Segment Start: Exercise data

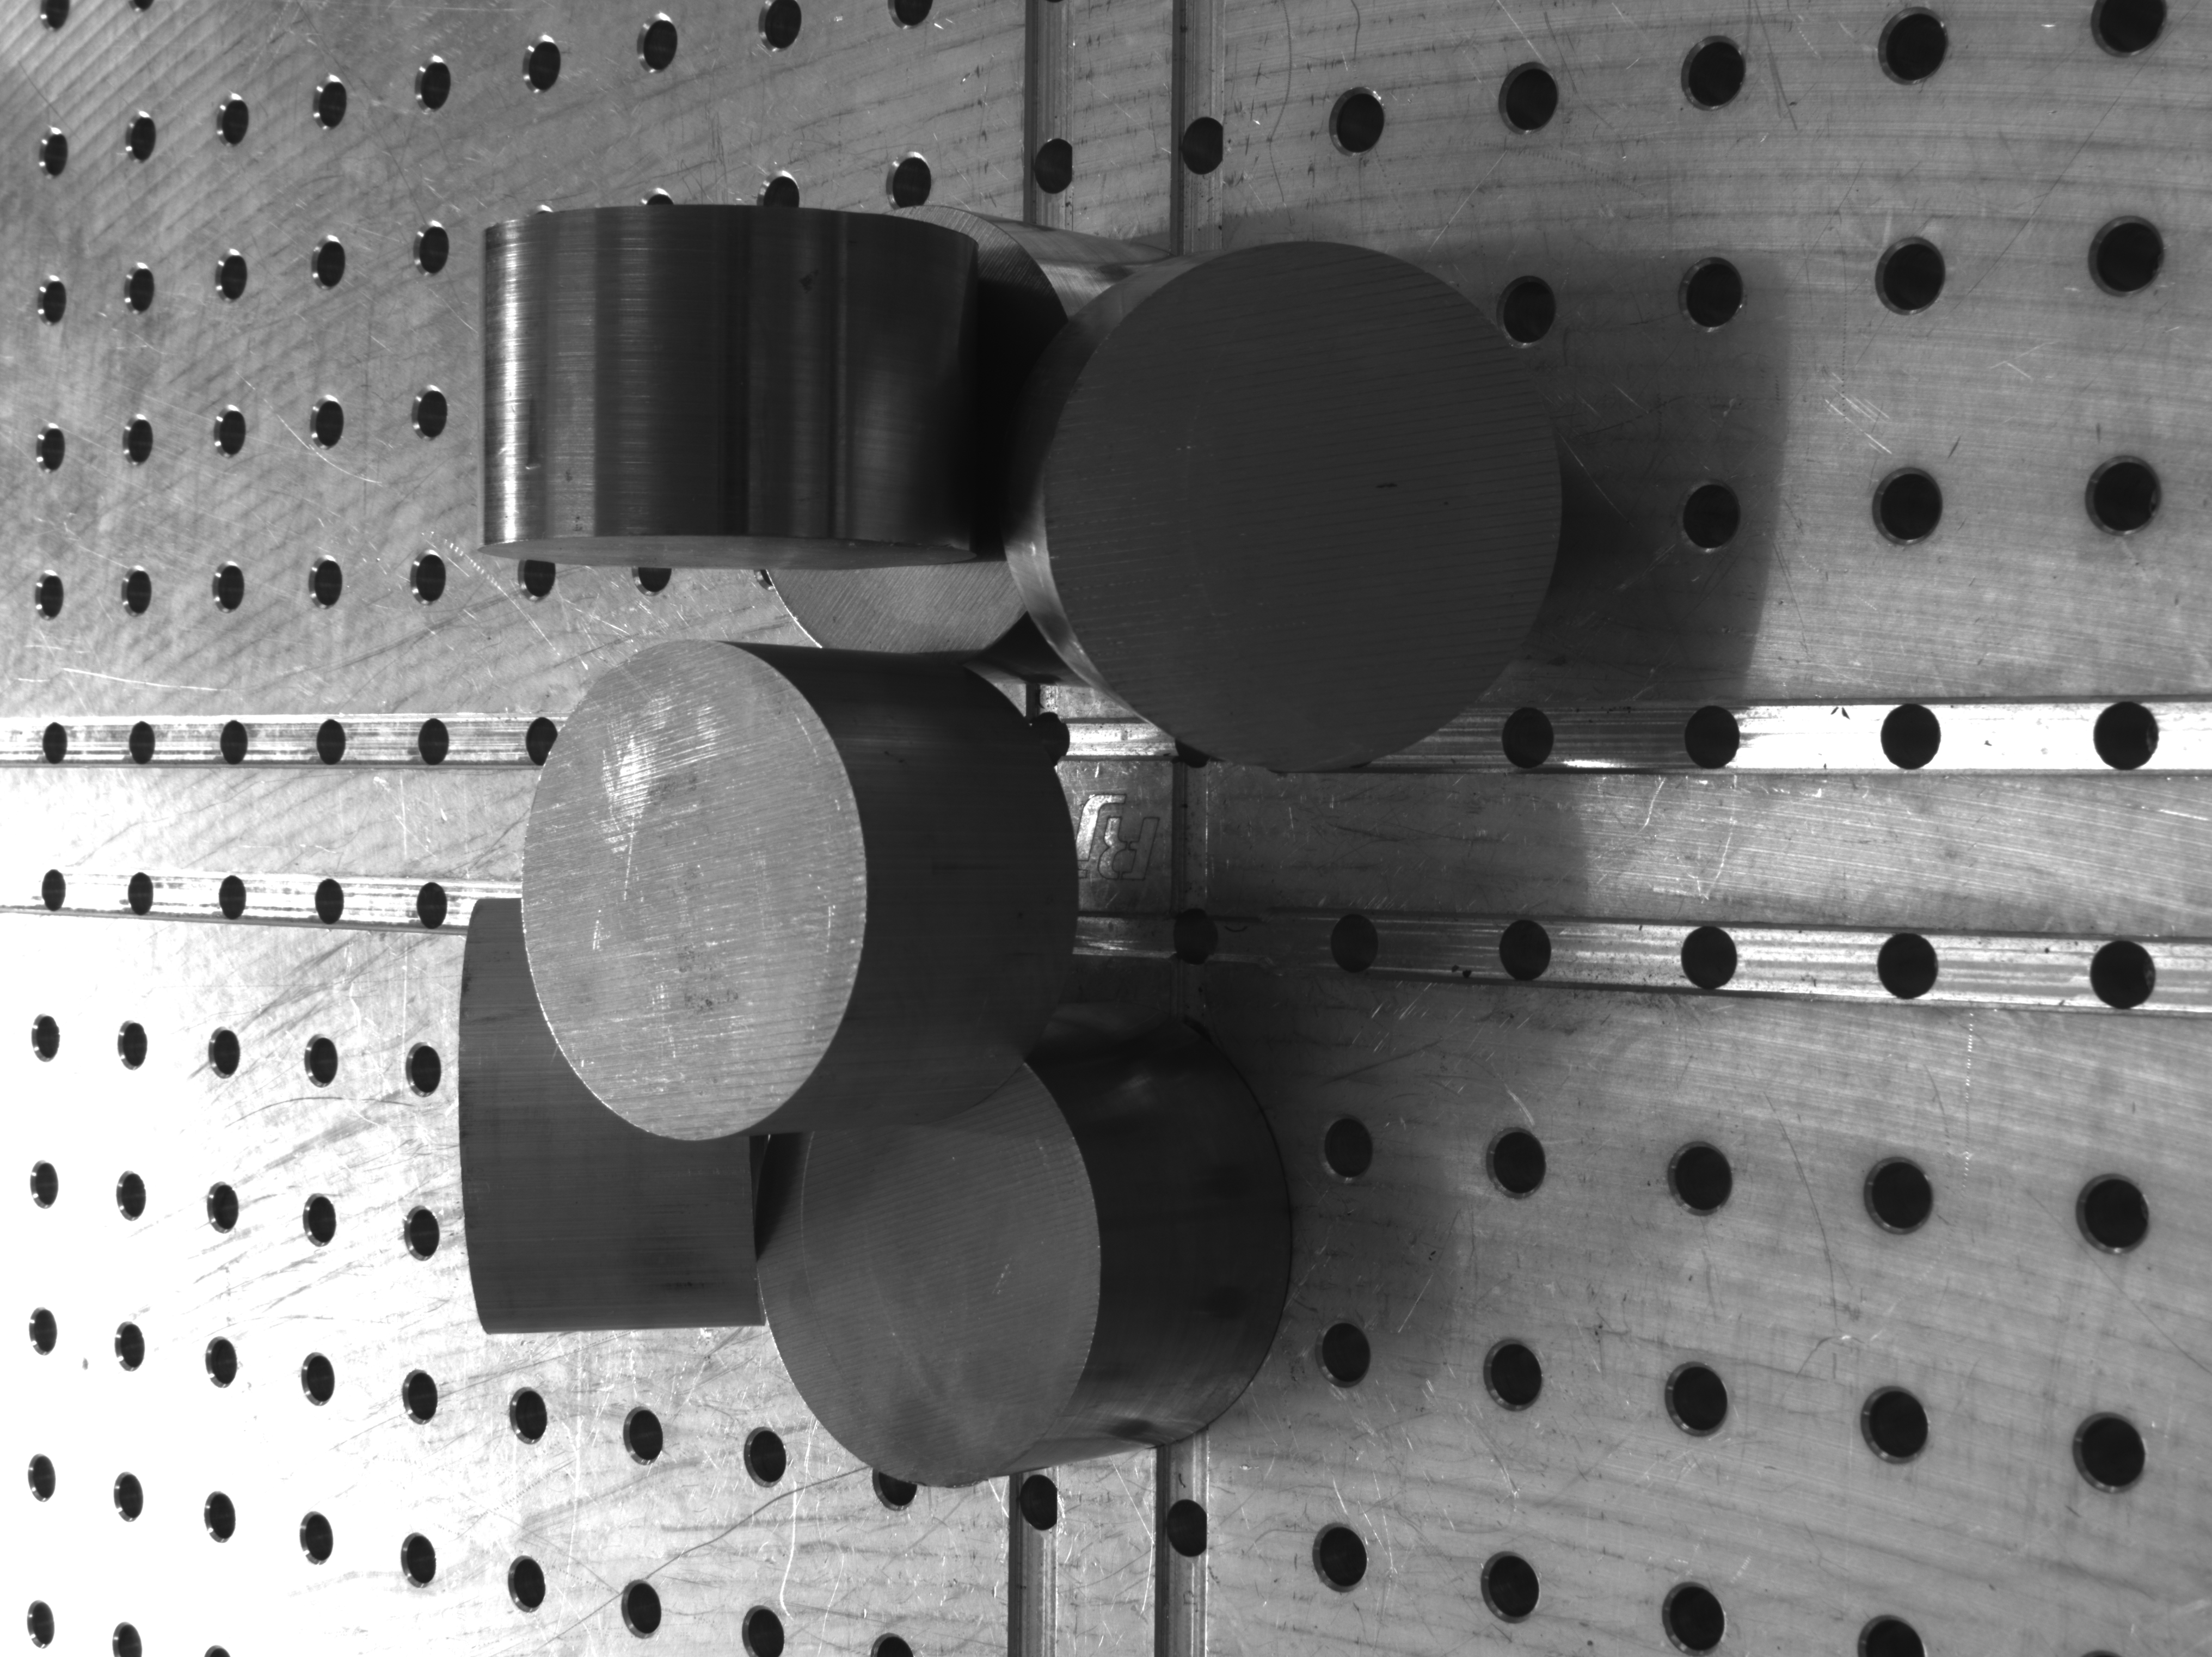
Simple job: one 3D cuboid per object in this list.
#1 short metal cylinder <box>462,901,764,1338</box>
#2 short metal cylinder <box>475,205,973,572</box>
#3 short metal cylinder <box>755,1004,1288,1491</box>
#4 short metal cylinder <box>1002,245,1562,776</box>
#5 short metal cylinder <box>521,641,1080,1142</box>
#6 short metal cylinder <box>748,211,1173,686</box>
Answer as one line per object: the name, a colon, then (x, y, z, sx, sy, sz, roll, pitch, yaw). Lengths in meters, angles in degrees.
short metal cylinder: (-0.089, 0.053, 0.680, 0.050, 0.080, 0.080, -2, 88, -4)
short metal cylinder: (-0.061, -0.069, 0.597, 0.080, 0.080, 0.050, 0, 90, 40)
short metal cylinder: (-0.015, 0.072, 0.644, 0.080, 0.050, 0.080, 1, 91, 40)
short metal cylinder: (0.026, -0.051, 0.581, 0.050, 0.080, 0.080, -138, 56, -78)
short metal cylinder: (-0.051, 0.010, 0.608, 0.080, 0.050, 0.080, 0, 90, 40)
short metal cylinder: (-0.017, -0.065, 0.646, 0.080, 0.050, 0.080, 0, 91, 40)
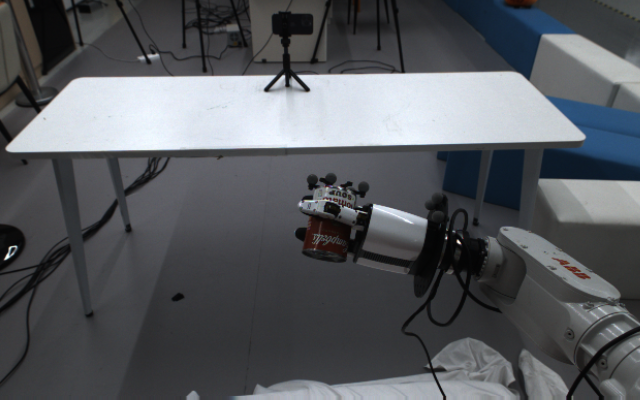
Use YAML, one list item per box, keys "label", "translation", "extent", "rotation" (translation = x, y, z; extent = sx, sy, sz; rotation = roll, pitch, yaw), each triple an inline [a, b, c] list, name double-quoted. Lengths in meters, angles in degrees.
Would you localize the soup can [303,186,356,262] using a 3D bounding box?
- label: "soup can"
  translation: [0.016, 0.036, 0.722]
  extent: [0.067, 0.067, 0.101]
  rotation: [8, 72, 9]
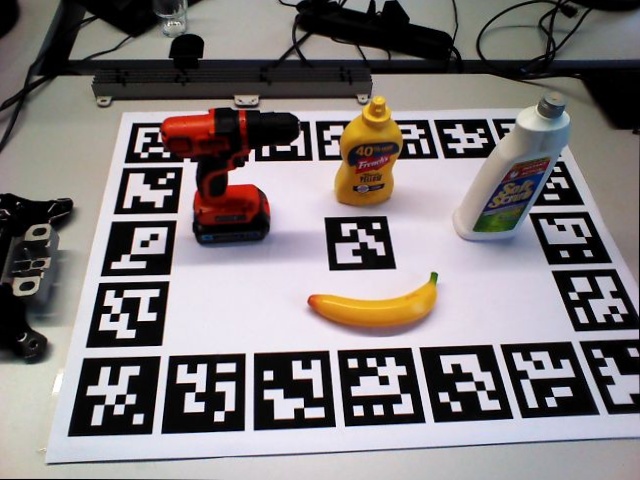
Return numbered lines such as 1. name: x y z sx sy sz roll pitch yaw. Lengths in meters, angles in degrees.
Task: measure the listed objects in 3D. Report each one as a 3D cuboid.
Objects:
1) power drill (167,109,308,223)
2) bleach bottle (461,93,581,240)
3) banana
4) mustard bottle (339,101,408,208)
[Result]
1. power drill: -0.100 -0.105 0.714 0.185 0.188 0.057 -8 56 -3
2. bleach bottle: 0.281 -0.097 0.725 0.103 0.252 0.067 6 55 1
3. banana: 0.090 0.084 0.709 0.197 0.039 0.074 -7 58 -4
4. mustard bottle: 0.085 -0.128 0.777 0.096 0.192 0.058 -7 56 -10
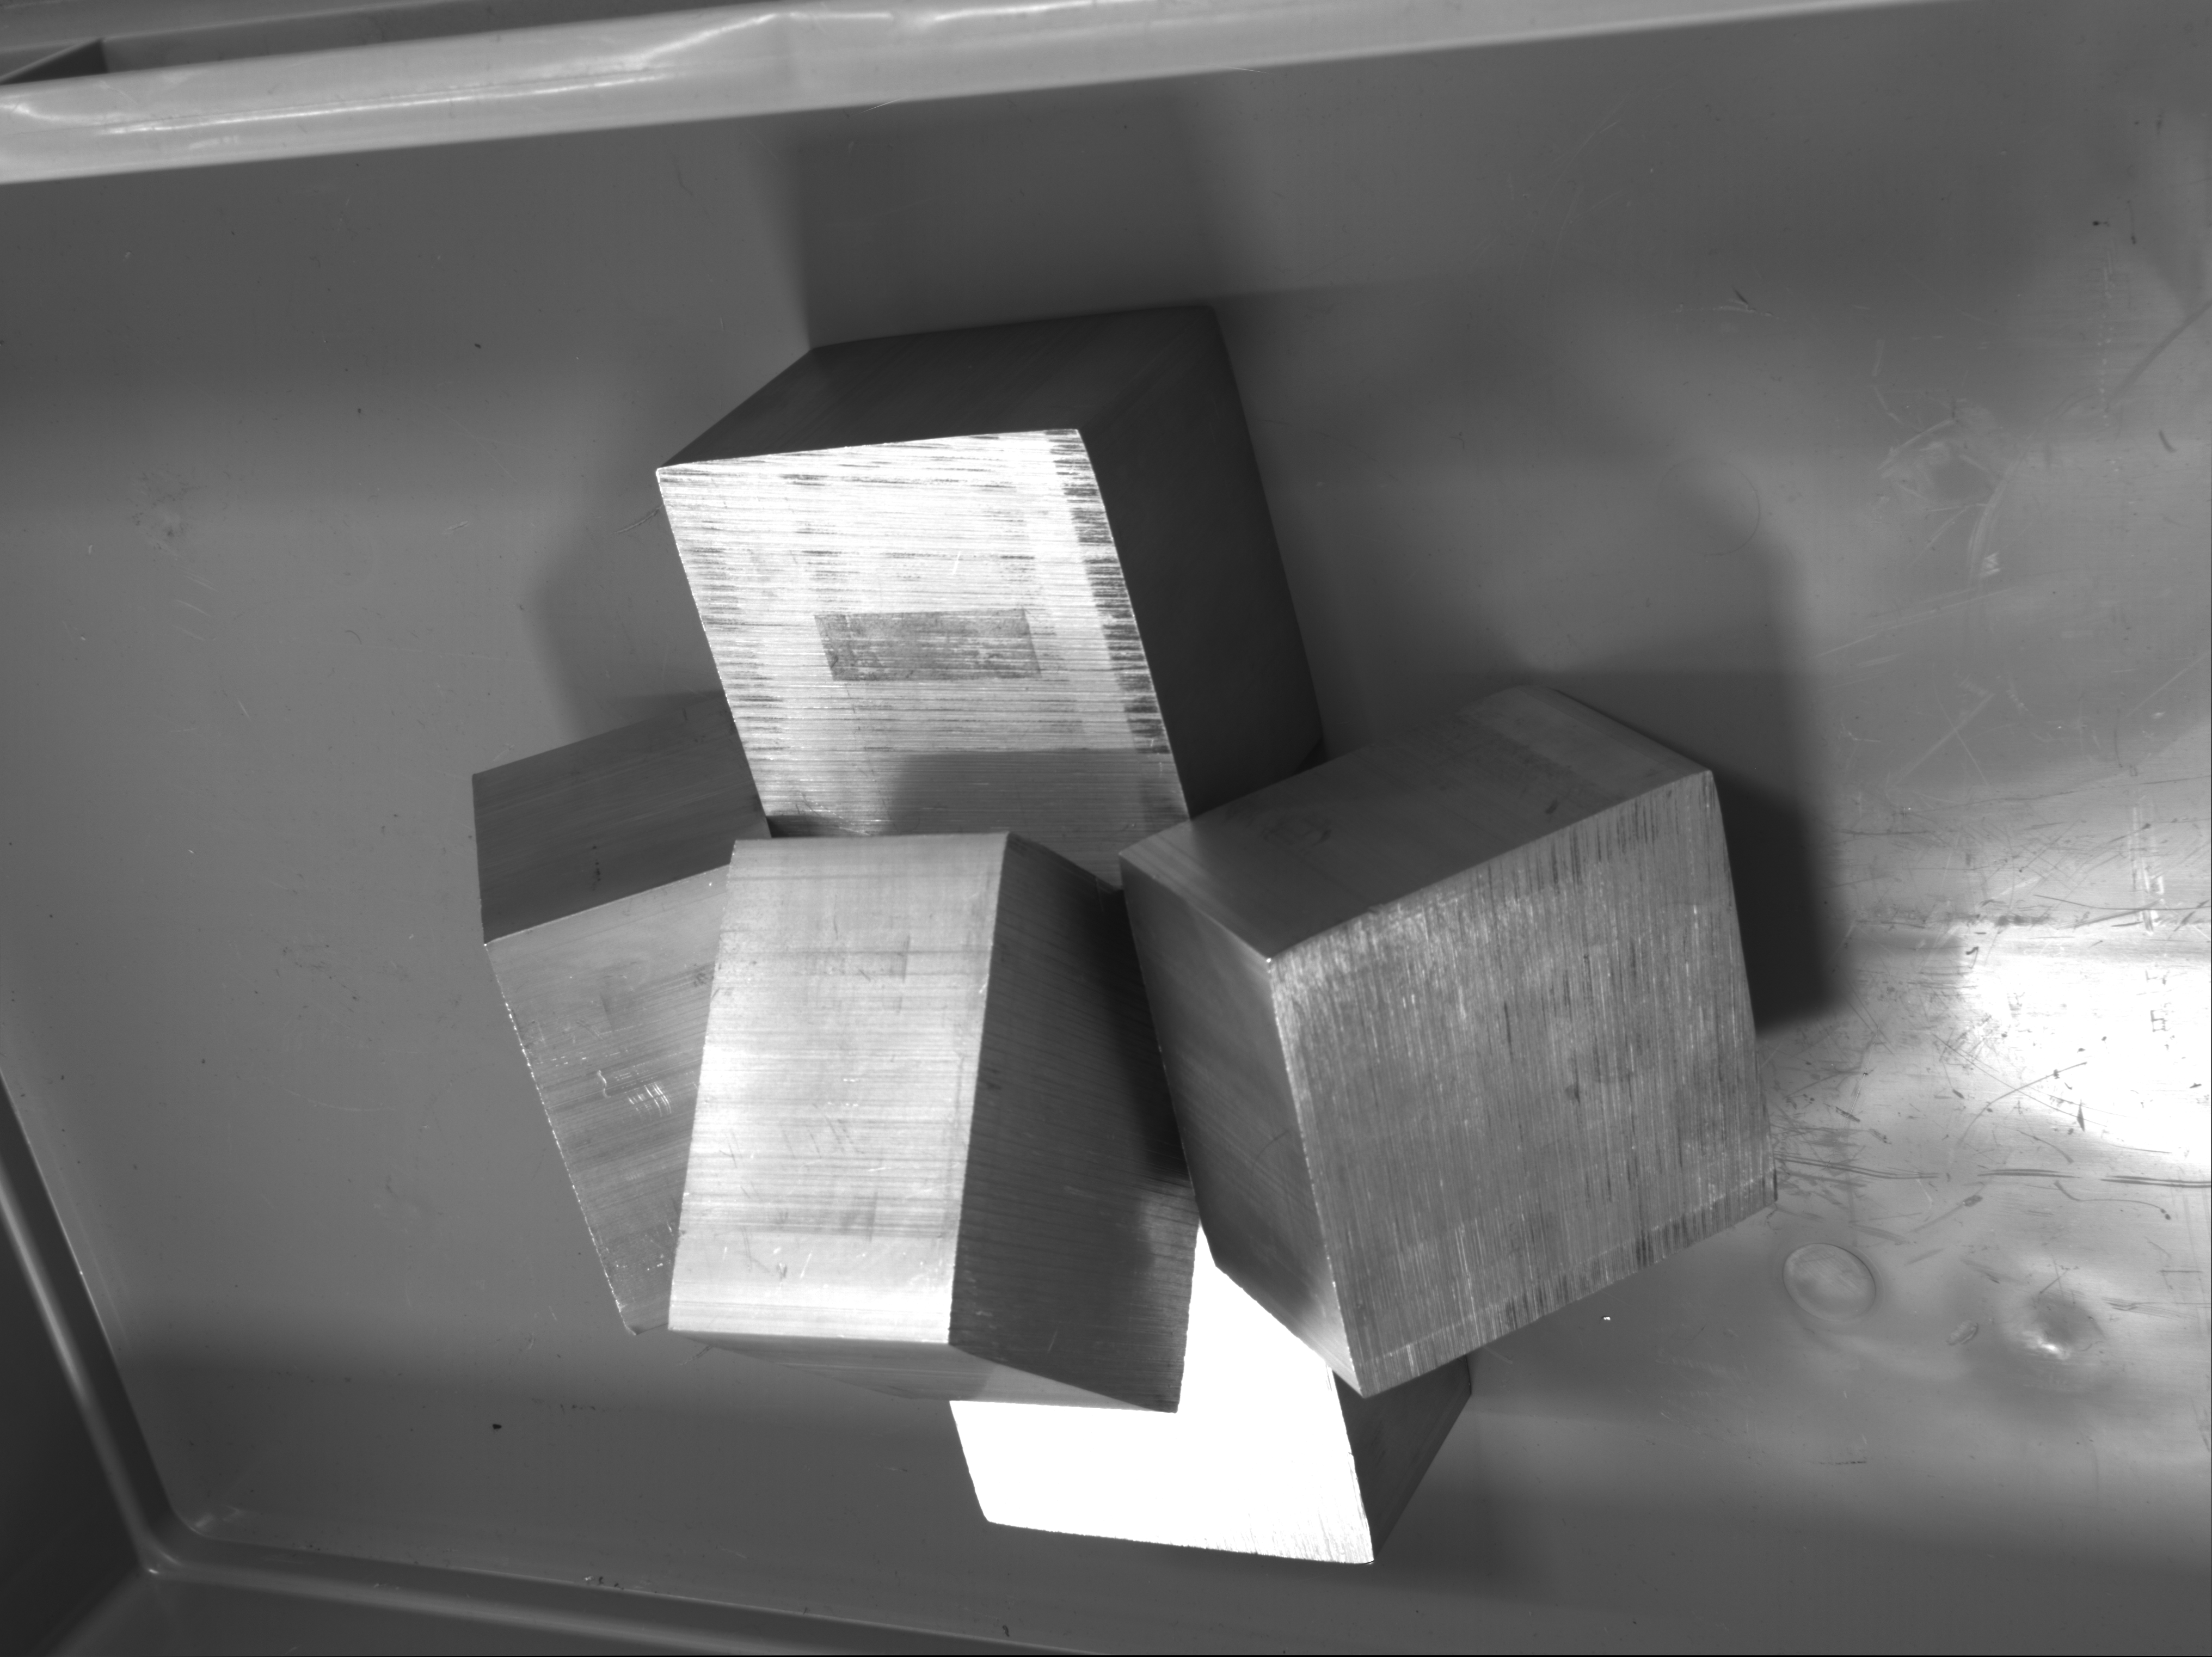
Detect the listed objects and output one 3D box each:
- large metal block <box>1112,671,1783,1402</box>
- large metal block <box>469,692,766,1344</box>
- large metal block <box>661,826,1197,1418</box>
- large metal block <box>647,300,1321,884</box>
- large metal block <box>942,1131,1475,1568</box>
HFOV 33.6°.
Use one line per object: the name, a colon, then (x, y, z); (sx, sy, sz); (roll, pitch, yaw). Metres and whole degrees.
large metal block: (0.055, 0.032, 0.586); (0.050, 0.080, 0.080); (36, 144, 58)
large metal block: (-0.076, 0.032, 0.656); (0.050, 0.080, 0.080); (-18, 114, -4)
large metal block: (-0.024, 0.049, 0.597); (0.050, 0.080, 0.080); (-1, 74, 28)
large metal block: (-0.019, -0.037, 0.609); (0.080, 0.050, 0.080); (-2, 117, 29)
large metal block: (0.015, 0.083, 0.668); (0.080, 0.050, 0.080); (1, 119, 28)

Segment End: Exercise data

Each entry should be output word for word, with no pictures carried over.

Simple job: one 3D cuboid per object in this list.
#1 short metal cylinder <box>462,901,764,1338</box>
#2 short metal cylinder <box>475,205,973,572</box>
#3 short metal cylinder <box>755,1004,1288,1491</box>
#4 short metal cylinder <box>1002,245,1562,776</box>
#5 short metal cylinder <box>521,641,1080,1142</box>
#6 short metal cylinder <box>748,211,1173,686</box>
Answer as one line per object: the name, a colon, then (x, y, z, sx, sy, sz, roll, pitch, yaw). Lengths in meters, angles in degrees.
short metal cylinder: (-0.089, 0.053, 0.680, 0.050, 0.080, 0.080, -2, 88, -4)
short metal cylinder: (-0.061, -0.069, 0.597, 0.080, 0.080, 0.050, 0, 90, 40)
short metal cylinder: (-0.015, 0.072, 0.644, 0.080, 0.050, 0.080, 1, 91, 40)
short metal cylinder: (0.026, -0.051, 0.581, 0.050, 0.080, 0.080, -138, 56, -78)
short metal cylinder: (-0.051, 0.010, 0.608, 0.080, 0.050, 0.080, 0, 90, 40)
short metal cylinder: (-0.017, -0.065, 0.646, 0.080, 0.050, 0.080, 0, 91, 40)
Use YAML, one list item per box, keys "label", "translation", "extent", "rotation" (translation = x, y, z; extent = sx, sy, sz; rotation = roll, pitch, yaw), each triple an inline [a, b, c] list, name double-quoted. Lengths in meters, angles in degrees.
Would you localize the soup can [303,186,356,262] using a 3D bounding box?
- label: "soup can"
  translation: [0.016, 0.036, 0.722]
  extent: [0.067, 0.067, 0.101]
  rotation: [8, 72, 9]
Return numbered lines such as 1. name: x y z sx sy sz roll pitch yaw. Lengths in meters, angles in degrees.
Task: measure the listed objects in 3D. Report each one as a 3D cuboid.
Objects:
1) power drill (167,109,308,223)
2) bleach bottle (461,93,581,240)
3) banana
4) mustard bottle (339,101,408,208)
[Result]
1. power drill: -0.100 -0.105 0.714 0.185 0.188 0.057 -8 56 -3
2. bleach bottle: 0.281 -0.097 0.725 0.103 0.252 0.067 6 55 1
3. banana: 0.090 0.084 0.709 0.197 0.039 0.074 -7 58 -4
4. mustard bottle: 0.085 -0.128 0.777 0.096 0.192 0.058 -7 56 -10
Detect the listed objects and output one 3D box each:
- large metal block <box>1112,671,1783,1402</box>
- large metal block <box>469,692,766,1344</box>
- large metal block <box>661,826,1197,1418</box>
- large metal block <box>647,300,1321,884</box>
- large metal block <box>942,1131,1475,1568</box>
HFOV 33.6°.
Use one line per object: the name, a colon, then (x, y, z); (sx, sy, sz); (roll, pitch, yaw). Metres and whole degrees.
large metal block: (0.055, 0.032, 0.586); (0.050, 0.080, 0.080); (36, 144, 58)
large metal block: (-0.076, 0.032, 0.656); (0.050, 0.080, 0.080); (-18, 114, -4)
large metal block: (-0.024, 0.049, 0.597); (0.050, 0.080, 0.080); (-1, 74, 28)
large metal block: (-0.019, -0.037, 0.609); (0.080, 0.050, 0.080); (-2, 117, 29)
large metal block: (0.015, 0.083, 0.668); (0.080, 0.050, 0.080); (1, 119, 28)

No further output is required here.